Gordon Hamilton recently emailed me with an excellent recommended topic for a data quality blog post:

It always seems crazy to me that few executives base their ‘corporate wagers’ on the statistical research touted by data quality authors such as Tom Redman, Jack Olson and Larry English that shows that 15-45% of the operating expense of virtually all organizations is WASTED due to data quality issues.

So, if every organization is leaving 15-45% on the table each year, why don’t they do something about it? Philip Crosby says that quality is free, so why do the executives allow the waste to go on and on and on? It seems that if the shareholders actually think about the Data Quality Wager they might wonder why their executives are wasting their shares’ value. A large portion of that 15-45% could all go to the bottom line without a capital investment.

I’m maybe sounding a little vitriolic because I’ve been re-reading Deming’s ‘Out of the Crisis’ and he has a low regard for North American industry because they won’t move beyond their short-term goals to build a quality organization, let alone implement Deming’s 14 principles or Larry English’s paraphrasing of them in a data quality context.

The Data Quality Wager

Gordon Hamilton explained in his email that his reference to the Data Quality Wager was an allusion to Pascal’s Wager, but what follows is my rendering of it in a data quality context (i.e., if you don’t like what follows, please yell at me, not Gordon).

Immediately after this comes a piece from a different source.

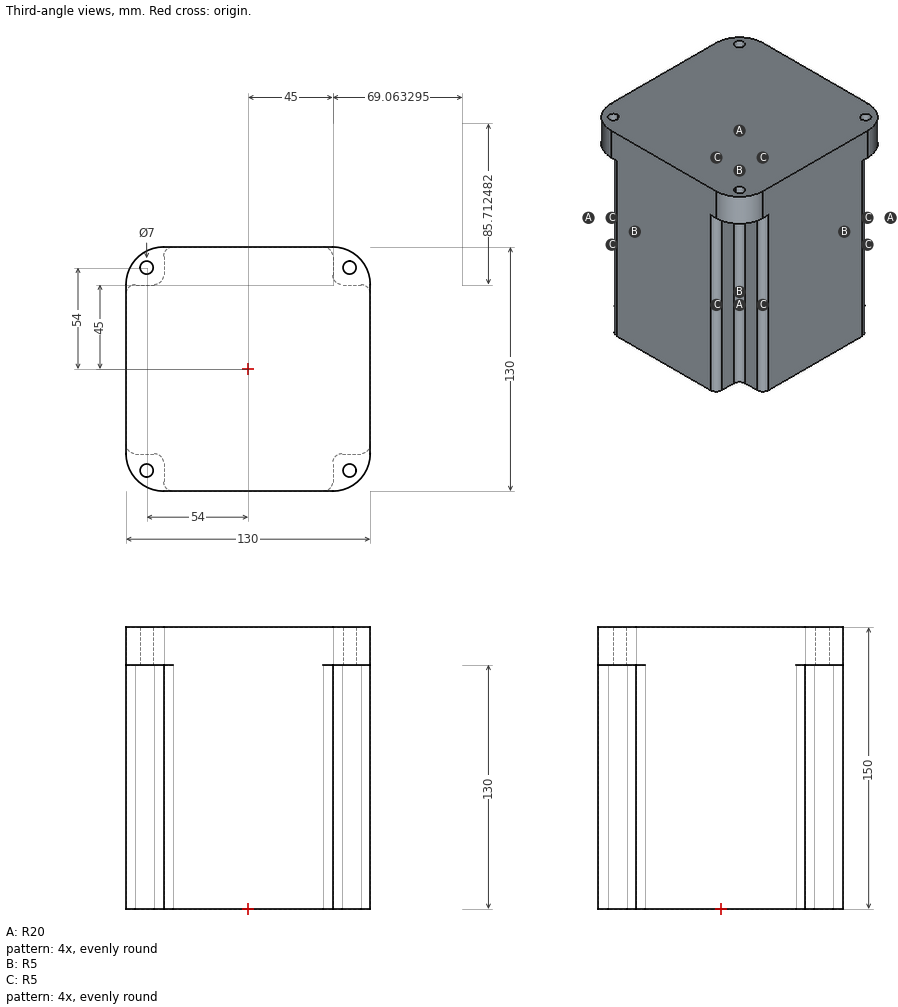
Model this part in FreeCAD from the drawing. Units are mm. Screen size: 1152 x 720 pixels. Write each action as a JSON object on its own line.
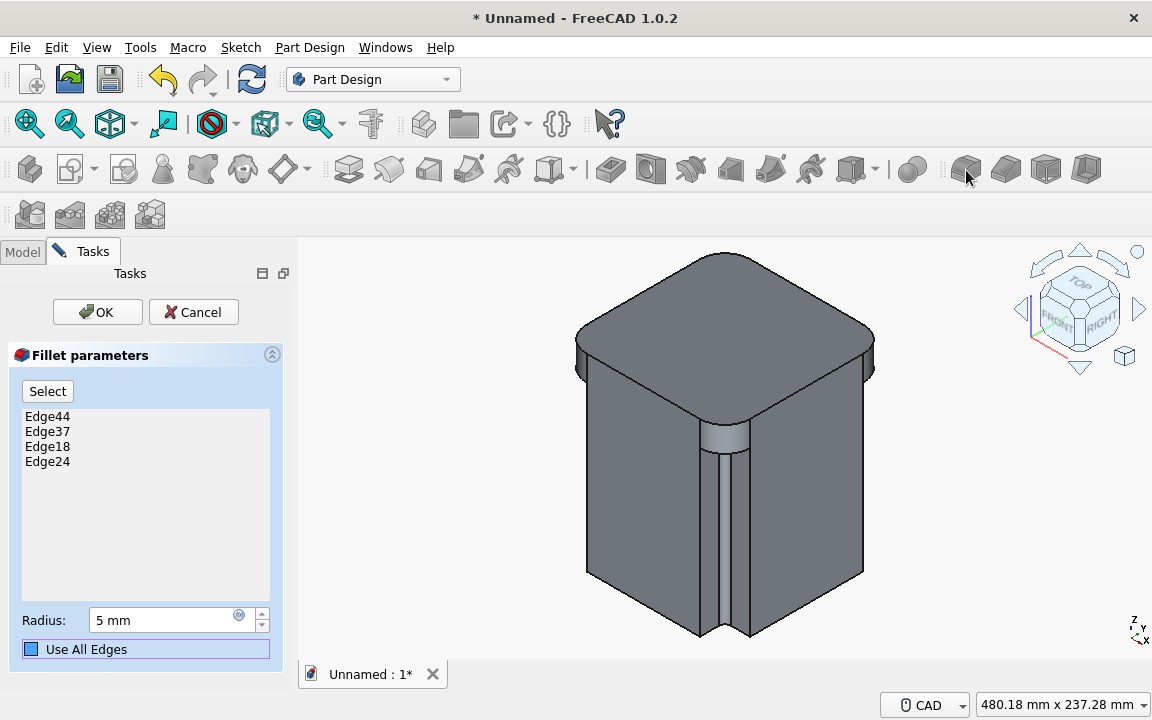
{"action": "left_click", "coordinate": [98, 312]}

Although I agree with Gordon, I also acknowledge that convincing your organization to invest in data quality initiatives can be a hard sell. A common mistake is not framing the investment in data quality initiatives using business language such as mitigated risks, reduced costs, or increased revenue. I also acknowledge the reality of the fiscal calendar effect and how most initiatives increase short-term costs based on the long-term potential of eventually mitigating risks, reducing costs, or increasing revenue.

Short-term increased costs of a data quality initiative can include the purchase of data quality software and its maintenance fees, as well as the professional services needed for training and consulting for installation, configuration, application development, testing, and production implementation. And there are often additional short-term increased costs, both external and internal.

Please note that I am talking about the costs of proactively investing in a data quality initiative before any data quality issues have manifested that would prompt reactively investing in a data cleansing project. Although, either way, the short-term increased costs are the same, I am simply acknowledging the reality that it is always easier for a reactive project to get funding than it is for a proactive program to get funding — and this is obviously not only true for data quality initiatives.

Therefore, the organization has to evaluate the possible outcomes of proactively investing in data quality initiatives while also considering the possible existence of data quality issues (i.e., the existence of tangible business-impacting data quality issues):

  1. Invest in data quality initiatives + Data quality issues exist = Decreased risks and (eventually) decreased costs
  2. Invest in data quality initiatives + Data quality issues do not exist = Only increased costs — No ROI
  3. Do not invest in data quality initiatives + Data quality issues exist = Increased risks and (eventually) increased costs
  4. Do not invest in data quality initiatives + Data quality issues do not exist = No increased costs and no increased risks

Data quality professionals, vendors, and industry analysts all strongly advocate #1 — and all strongly criticize #3. (Additionally, since we believe data quality issues exist, most “orthodox” data quality folks generally refuse to even acknowledge #2 and #4.)
Unfortunately, when advocating #1, we often don’t effectively sell the business benefits of data quality, and when criticizing #3, we often focus too much on the negative aspects of not investing in data quality.

Only #4 “guarantees” neither increased costs nor increased risks by gambling on not investing in data quality initiatives based on the belief that data quality issues do not exist — and, by default, this is how many organizations make the Data Quality Wager.

How is your organization making the Data Quality Wager?